TASK PROMPT: From the line with "<!-- layer: 0 -->" through the line with "54.8h2M141.8 58.4h2M143.8 57.5h-6.4v19.2M149.8", inclusive, return each line of the data below exactly and leave the rest out.

━━━ DATA SUPPLIED ━━━

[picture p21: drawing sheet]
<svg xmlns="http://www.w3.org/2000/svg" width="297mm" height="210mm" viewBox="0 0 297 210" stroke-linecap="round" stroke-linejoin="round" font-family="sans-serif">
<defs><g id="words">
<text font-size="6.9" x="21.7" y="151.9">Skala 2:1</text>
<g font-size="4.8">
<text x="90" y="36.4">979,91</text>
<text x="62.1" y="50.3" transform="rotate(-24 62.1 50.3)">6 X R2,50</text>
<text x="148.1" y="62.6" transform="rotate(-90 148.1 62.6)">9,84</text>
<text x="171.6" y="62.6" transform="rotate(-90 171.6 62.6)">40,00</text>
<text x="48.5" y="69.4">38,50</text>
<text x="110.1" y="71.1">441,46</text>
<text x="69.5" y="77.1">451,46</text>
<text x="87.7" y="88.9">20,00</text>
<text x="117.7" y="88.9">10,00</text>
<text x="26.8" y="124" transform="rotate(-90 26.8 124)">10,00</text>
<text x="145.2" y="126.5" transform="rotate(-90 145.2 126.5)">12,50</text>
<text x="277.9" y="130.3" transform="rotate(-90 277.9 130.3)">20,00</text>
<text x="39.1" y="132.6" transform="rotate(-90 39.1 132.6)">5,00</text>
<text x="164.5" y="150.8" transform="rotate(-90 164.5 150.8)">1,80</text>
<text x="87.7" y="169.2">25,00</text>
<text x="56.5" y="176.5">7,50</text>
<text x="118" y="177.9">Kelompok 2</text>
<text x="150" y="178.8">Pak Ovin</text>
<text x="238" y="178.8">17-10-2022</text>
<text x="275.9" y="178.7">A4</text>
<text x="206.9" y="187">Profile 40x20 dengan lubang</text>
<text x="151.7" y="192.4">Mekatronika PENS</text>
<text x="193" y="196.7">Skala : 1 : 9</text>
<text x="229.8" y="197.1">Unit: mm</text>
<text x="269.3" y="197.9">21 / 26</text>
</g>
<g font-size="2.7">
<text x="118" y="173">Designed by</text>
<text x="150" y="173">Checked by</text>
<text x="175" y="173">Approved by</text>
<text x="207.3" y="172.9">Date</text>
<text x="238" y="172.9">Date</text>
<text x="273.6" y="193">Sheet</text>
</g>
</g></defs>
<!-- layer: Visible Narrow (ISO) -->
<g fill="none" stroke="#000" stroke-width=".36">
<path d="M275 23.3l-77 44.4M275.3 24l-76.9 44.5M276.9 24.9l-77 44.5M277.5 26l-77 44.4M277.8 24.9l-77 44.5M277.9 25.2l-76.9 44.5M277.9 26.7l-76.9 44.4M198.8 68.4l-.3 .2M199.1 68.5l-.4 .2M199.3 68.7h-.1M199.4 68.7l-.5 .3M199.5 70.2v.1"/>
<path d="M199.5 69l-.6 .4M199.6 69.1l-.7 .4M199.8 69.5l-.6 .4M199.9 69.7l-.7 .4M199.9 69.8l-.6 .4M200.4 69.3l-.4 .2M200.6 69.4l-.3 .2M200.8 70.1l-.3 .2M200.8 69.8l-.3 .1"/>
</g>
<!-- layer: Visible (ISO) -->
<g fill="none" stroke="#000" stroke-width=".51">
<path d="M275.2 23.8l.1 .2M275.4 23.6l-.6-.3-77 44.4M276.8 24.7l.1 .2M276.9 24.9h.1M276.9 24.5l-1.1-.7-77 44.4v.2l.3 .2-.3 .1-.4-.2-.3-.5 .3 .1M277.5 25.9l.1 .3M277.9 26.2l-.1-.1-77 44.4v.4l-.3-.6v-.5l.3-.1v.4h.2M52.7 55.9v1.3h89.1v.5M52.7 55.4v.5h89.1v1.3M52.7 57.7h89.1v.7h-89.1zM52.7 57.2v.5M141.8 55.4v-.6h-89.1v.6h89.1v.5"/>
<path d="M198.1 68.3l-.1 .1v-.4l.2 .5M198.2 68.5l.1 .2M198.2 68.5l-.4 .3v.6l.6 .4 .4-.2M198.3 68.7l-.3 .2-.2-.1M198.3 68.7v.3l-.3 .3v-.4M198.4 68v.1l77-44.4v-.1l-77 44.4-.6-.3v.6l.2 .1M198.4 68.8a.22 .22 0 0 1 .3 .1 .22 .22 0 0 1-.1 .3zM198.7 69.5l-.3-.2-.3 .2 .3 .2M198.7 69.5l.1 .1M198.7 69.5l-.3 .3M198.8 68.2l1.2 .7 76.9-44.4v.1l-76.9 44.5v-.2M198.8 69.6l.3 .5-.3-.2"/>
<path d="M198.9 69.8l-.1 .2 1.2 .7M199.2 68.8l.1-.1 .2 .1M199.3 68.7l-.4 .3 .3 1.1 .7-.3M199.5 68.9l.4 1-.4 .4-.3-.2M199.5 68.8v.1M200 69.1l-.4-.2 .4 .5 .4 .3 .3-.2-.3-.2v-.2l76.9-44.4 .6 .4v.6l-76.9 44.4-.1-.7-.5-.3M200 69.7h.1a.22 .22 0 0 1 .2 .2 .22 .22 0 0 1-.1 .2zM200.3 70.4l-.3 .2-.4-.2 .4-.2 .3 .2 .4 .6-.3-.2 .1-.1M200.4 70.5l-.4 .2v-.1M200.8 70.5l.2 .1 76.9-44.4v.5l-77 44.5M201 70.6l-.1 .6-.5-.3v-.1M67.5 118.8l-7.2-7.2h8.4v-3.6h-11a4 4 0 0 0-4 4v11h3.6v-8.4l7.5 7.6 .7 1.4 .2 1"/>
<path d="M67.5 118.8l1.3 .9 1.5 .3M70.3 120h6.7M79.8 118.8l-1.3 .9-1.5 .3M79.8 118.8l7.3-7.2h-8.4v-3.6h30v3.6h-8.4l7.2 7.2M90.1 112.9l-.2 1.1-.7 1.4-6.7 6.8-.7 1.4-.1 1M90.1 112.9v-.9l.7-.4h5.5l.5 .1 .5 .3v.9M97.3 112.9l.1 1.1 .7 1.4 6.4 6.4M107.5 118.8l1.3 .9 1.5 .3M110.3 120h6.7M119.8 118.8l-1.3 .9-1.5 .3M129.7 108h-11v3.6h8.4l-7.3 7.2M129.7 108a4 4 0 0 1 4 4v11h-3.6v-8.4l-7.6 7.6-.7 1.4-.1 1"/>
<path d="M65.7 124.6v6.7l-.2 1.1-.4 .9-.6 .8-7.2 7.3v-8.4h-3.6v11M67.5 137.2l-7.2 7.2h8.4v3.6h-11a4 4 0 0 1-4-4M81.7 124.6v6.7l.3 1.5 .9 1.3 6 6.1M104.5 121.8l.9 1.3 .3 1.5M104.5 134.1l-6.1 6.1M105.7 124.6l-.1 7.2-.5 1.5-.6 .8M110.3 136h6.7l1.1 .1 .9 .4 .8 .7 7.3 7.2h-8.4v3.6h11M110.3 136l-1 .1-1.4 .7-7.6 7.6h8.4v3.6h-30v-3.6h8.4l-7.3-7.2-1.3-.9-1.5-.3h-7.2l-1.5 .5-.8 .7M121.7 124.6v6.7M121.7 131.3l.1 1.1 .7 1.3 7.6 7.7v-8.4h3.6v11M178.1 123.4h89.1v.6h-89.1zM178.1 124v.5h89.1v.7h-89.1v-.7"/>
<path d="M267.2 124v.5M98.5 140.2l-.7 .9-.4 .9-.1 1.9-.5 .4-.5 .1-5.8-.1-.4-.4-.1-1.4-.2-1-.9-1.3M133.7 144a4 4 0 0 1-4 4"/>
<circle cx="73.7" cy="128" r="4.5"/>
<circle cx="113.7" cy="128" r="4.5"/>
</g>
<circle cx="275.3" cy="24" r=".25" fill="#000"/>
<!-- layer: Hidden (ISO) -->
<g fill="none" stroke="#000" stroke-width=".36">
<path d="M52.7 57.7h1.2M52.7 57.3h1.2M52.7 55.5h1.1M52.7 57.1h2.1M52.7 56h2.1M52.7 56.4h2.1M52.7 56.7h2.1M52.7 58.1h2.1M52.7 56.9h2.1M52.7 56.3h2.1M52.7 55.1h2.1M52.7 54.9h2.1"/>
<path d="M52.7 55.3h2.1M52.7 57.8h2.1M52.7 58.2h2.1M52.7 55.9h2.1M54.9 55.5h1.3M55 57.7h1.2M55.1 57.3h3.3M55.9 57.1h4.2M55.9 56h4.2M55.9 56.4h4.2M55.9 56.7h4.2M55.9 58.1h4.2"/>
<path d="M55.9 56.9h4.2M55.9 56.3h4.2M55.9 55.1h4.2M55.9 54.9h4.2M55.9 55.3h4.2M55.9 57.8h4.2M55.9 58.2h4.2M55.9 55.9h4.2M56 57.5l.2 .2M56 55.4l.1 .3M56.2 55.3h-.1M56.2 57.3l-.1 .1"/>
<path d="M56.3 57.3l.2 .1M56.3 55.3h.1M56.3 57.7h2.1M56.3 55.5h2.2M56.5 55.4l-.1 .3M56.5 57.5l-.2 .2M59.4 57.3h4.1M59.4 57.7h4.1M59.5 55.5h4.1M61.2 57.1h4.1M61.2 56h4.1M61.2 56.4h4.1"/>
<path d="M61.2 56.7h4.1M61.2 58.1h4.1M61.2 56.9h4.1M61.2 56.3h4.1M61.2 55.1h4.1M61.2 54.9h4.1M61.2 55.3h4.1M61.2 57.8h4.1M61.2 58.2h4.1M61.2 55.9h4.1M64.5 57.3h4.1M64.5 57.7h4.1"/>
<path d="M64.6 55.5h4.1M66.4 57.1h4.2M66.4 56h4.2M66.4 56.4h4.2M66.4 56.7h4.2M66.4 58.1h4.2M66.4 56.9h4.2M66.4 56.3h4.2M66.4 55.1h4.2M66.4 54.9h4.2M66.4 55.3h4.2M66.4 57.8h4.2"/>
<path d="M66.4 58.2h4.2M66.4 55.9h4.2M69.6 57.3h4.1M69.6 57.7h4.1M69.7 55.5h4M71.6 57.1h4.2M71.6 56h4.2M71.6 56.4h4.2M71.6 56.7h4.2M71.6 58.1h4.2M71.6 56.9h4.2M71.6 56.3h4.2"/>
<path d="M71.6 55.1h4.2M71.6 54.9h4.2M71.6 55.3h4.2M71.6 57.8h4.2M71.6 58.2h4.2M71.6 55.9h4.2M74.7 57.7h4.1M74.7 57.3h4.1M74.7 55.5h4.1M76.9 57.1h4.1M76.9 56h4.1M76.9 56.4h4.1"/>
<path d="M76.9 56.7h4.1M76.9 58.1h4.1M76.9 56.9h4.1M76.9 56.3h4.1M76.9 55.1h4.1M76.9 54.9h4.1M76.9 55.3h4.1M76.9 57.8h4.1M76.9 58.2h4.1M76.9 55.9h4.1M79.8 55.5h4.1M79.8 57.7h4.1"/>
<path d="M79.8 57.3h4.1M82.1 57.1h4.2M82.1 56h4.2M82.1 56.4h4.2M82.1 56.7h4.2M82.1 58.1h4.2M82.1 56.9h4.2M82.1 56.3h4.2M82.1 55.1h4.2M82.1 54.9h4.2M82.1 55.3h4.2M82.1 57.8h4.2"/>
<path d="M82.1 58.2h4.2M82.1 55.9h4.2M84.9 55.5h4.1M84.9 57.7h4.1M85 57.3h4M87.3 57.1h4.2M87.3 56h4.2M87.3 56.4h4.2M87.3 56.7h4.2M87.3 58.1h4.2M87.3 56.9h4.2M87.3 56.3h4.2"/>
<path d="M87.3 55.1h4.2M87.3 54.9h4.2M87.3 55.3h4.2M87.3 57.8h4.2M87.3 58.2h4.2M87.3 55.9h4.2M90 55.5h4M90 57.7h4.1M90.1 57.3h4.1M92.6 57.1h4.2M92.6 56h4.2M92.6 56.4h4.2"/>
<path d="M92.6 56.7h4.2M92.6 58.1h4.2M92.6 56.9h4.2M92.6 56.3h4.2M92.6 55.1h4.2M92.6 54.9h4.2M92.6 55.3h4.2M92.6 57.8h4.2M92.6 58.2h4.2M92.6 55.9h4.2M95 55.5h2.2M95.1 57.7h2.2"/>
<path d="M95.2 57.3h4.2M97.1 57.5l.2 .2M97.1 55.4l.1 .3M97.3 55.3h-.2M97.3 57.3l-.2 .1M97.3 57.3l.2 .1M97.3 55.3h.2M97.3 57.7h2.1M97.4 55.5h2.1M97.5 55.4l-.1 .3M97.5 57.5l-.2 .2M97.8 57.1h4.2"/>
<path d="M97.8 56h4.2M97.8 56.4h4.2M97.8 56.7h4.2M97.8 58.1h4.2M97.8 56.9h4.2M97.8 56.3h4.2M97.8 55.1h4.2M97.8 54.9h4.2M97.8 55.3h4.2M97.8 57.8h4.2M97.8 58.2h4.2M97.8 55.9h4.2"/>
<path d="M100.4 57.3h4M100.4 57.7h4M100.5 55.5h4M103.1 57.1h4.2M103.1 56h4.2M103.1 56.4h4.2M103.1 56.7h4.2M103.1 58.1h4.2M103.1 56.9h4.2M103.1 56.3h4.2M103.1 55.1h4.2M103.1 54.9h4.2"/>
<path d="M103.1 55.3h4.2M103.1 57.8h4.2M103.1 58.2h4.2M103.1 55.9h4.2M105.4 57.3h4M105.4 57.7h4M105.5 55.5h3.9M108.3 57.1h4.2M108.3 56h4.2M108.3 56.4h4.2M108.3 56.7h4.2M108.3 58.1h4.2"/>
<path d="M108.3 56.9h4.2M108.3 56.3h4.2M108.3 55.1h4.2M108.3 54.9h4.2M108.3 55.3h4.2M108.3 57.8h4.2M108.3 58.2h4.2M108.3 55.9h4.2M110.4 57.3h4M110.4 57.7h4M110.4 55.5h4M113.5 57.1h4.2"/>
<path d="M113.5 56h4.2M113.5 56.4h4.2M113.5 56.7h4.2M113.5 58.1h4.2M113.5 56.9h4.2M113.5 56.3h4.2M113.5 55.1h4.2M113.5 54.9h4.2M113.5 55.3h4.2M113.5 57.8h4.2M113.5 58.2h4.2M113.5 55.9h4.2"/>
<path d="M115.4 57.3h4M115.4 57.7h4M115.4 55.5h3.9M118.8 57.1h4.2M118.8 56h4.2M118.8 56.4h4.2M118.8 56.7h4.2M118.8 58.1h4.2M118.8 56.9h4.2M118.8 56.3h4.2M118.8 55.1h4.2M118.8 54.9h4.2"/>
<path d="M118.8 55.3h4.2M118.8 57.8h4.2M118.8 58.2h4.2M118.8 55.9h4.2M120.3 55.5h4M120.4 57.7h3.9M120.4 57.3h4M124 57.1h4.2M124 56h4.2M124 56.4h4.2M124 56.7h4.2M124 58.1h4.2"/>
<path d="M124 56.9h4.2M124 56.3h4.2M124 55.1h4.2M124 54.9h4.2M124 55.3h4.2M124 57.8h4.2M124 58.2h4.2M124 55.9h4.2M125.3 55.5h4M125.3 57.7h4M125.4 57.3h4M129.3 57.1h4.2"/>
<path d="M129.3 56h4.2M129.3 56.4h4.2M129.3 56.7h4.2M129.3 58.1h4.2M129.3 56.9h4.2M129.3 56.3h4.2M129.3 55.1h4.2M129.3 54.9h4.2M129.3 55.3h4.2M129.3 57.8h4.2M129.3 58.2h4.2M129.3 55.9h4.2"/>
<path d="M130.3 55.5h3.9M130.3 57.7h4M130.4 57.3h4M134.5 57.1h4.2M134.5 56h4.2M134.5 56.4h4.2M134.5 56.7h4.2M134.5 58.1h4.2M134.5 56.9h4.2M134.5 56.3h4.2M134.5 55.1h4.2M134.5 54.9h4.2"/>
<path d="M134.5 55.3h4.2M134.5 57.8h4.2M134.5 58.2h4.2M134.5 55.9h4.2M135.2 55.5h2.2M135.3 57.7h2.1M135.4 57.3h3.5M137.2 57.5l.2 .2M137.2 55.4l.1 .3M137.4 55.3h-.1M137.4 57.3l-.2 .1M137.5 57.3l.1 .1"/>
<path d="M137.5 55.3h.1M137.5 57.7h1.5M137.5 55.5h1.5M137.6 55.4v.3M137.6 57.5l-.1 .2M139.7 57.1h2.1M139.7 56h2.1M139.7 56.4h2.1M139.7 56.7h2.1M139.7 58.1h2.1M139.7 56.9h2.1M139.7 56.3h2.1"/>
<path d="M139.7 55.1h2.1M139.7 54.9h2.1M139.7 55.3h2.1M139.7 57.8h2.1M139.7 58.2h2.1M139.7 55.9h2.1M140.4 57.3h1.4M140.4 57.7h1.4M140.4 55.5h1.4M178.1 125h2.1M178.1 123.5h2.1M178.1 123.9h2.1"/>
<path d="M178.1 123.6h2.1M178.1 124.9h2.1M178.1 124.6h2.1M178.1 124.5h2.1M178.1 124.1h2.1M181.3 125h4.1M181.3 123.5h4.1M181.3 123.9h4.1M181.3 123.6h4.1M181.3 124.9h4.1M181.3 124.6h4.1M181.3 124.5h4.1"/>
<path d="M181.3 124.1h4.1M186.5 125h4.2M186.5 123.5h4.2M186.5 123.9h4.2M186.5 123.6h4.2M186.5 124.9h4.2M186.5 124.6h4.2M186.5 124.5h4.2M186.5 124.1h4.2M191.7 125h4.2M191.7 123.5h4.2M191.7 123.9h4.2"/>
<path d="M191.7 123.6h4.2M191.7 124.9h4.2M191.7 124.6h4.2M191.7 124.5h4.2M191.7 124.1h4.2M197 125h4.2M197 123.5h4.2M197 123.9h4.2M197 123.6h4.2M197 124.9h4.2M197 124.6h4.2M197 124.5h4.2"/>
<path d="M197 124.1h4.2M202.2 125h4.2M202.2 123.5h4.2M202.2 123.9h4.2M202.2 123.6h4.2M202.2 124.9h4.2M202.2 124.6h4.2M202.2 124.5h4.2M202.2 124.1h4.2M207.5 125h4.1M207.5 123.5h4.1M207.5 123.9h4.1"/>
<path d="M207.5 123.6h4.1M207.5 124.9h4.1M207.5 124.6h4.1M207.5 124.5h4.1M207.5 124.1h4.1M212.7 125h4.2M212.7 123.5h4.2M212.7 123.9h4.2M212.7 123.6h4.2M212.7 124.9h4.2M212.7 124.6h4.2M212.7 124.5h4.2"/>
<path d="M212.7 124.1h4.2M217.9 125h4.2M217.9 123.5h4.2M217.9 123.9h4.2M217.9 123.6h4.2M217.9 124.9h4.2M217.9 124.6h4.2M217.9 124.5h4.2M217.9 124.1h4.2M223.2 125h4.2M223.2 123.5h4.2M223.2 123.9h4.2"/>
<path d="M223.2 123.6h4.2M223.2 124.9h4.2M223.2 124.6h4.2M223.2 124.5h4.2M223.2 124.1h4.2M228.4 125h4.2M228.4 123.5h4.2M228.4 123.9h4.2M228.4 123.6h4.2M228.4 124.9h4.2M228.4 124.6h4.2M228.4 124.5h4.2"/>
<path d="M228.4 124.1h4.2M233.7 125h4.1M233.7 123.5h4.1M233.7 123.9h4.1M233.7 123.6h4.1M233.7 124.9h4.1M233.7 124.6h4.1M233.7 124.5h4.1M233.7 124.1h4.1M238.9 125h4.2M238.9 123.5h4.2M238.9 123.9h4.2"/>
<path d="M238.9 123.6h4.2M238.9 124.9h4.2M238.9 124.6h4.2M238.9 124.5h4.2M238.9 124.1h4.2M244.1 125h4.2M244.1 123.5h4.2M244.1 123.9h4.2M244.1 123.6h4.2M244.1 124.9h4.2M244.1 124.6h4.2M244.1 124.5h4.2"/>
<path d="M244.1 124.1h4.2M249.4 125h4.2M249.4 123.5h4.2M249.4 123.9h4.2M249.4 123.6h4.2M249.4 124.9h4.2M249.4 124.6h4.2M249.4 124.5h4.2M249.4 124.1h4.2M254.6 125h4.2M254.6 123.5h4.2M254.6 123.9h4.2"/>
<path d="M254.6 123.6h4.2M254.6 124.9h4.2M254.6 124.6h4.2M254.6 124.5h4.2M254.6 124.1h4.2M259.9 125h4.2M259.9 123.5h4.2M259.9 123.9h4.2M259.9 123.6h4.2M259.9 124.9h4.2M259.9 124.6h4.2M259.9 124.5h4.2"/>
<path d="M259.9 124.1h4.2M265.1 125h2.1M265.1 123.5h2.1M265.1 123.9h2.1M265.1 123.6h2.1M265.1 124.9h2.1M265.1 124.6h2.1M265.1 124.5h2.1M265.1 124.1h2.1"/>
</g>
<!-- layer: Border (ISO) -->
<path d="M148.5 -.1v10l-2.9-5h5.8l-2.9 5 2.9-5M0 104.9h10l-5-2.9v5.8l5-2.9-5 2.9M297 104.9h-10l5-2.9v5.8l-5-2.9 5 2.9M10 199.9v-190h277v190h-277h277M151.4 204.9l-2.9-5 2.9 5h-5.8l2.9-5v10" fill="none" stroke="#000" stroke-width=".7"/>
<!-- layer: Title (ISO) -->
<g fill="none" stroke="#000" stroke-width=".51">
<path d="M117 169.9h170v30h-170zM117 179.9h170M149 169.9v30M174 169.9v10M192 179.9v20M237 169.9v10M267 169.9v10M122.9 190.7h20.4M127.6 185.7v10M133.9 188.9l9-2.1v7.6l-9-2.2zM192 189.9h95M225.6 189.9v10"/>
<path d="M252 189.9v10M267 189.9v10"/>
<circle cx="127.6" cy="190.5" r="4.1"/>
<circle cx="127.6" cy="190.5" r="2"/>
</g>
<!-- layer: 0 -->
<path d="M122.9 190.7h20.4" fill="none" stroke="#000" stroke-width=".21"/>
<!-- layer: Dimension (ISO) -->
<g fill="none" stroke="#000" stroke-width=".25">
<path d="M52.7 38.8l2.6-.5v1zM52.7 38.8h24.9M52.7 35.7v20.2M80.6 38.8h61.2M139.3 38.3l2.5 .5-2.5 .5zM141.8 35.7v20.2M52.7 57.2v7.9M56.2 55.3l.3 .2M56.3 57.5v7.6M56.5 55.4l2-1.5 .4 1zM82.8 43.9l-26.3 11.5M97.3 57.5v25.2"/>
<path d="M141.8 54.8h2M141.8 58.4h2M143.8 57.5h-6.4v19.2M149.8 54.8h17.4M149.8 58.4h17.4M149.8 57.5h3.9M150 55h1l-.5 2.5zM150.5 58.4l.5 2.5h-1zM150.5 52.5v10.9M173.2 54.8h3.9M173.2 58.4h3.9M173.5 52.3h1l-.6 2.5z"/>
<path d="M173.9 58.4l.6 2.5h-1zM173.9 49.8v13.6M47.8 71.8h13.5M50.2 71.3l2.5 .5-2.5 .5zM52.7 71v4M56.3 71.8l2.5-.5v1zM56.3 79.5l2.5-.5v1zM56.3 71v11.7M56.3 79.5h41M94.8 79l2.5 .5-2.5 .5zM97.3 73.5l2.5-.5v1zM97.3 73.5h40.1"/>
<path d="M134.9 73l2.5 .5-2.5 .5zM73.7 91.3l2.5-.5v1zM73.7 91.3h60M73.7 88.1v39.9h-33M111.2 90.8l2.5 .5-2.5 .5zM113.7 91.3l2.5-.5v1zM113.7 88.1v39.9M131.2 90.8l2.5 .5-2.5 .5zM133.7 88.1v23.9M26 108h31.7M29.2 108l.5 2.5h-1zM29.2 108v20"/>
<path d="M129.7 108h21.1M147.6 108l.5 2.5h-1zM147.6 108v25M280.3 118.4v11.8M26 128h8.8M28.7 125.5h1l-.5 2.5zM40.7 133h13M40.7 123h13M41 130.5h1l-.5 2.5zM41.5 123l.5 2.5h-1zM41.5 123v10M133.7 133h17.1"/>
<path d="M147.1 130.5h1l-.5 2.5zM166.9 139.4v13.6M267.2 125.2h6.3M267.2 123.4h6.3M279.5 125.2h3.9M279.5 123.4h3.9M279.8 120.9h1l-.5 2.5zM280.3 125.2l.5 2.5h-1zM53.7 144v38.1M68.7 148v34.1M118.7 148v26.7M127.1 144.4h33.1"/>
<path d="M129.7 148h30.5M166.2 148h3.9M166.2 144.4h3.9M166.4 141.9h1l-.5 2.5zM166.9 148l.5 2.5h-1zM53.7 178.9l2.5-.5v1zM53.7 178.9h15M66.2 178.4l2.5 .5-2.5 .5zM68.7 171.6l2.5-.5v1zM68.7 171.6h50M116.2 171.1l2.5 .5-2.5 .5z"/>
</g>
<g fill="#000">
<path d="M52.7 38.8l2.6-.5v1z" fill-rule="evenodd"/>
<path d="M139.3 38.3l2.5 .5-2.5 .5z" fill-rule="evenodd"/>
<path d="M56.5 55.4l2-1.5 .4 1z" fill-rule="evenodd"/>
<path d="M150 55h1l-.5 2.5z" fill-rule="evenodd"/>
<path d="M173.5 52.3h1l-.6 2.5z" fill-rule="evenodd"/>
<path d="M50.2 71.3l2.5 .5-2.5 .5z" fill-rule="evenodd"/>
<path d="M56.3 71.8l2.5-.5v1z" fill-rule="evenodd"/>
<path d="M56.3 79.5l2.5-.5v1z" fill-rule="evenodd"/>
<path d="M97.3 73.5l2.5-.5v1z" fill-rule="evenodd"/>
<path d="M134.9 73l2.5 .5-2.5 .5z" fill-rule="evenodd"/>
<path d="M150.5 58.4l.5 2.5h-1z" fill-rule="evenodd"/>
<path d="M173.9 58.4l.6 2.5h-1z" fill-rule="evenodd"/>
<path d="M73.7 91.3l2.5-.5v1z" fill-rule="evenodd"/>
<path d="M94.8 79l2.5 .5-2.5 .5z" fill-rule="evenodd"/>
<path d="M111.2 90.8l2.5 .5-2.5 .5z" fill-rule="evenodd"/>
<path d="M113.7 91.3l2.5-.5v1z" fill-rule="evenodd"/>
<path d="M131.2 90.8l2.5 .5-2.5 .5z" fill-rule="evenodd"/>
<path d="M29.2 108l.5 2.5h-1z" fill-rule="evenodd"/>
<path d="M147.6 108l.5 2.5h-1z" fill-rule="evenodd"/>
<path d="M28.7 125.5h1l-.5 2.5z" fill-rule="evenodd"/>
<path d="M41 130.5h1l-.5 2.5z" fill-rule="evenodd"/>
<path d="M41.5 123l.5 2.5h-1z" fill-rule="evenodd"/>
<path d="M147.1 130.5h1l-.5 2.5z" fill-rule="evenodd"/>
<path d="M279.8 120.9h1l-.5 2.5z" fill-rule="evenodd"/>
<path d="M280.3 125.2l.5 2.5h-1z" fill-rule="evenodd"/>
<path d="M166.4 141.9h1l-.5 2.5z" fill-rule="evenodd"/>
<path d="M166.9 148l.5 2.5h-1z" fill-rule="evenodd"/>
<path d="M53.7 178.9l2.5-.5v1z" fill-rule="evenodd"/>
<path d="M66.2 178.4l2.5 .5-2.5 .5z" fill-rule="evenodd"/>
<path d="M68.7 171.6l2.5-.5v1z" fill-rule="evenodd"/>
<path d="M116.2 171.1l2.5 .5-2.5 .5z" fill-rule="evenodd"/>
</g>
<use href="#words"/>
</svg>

━━━

ANSWER:
<!-- layer: 0 -->
<path d="M122.9 190.7h20.4" fill="none" stroke="#000" stroke-width=".21"/>
<!-- layer: Dimension (ISO) -->
<g fill="none" stroke="#000" stroke-width=".25">
<path d="M52.7 38.8l2.6-.5v1zM52.7 38.8h24.9M52.7 35.7v20.2M80.6 38.8h61.2M139.3 38.3l2.5 .5-2.5 .5zM141.8 35.7v20.2M52.7 57.2v7.9M56.2 55.3l.3 .2M56.3 57.5v7.6M56.5 55.4l2-1.5 .4 1zM82.8 43.9l-26.3 11.5M97.3 57.5v25.2"/>
<path d="M141.8 54.8h2M141.8 58.4h2M143.8 57.5h-6.4v19.2M149.8 54.8h17.4M149.8 58.4h17.4M149.8 57.5h3.9M150 55h1l-.5 2.5zM150.5 58.4l.5 2.5h-1zM150.5 52.5v10.9M173.2 54.8h3.9M173.2 58.4h3.9M173.5 52.3h1l-.6 2.5z"/>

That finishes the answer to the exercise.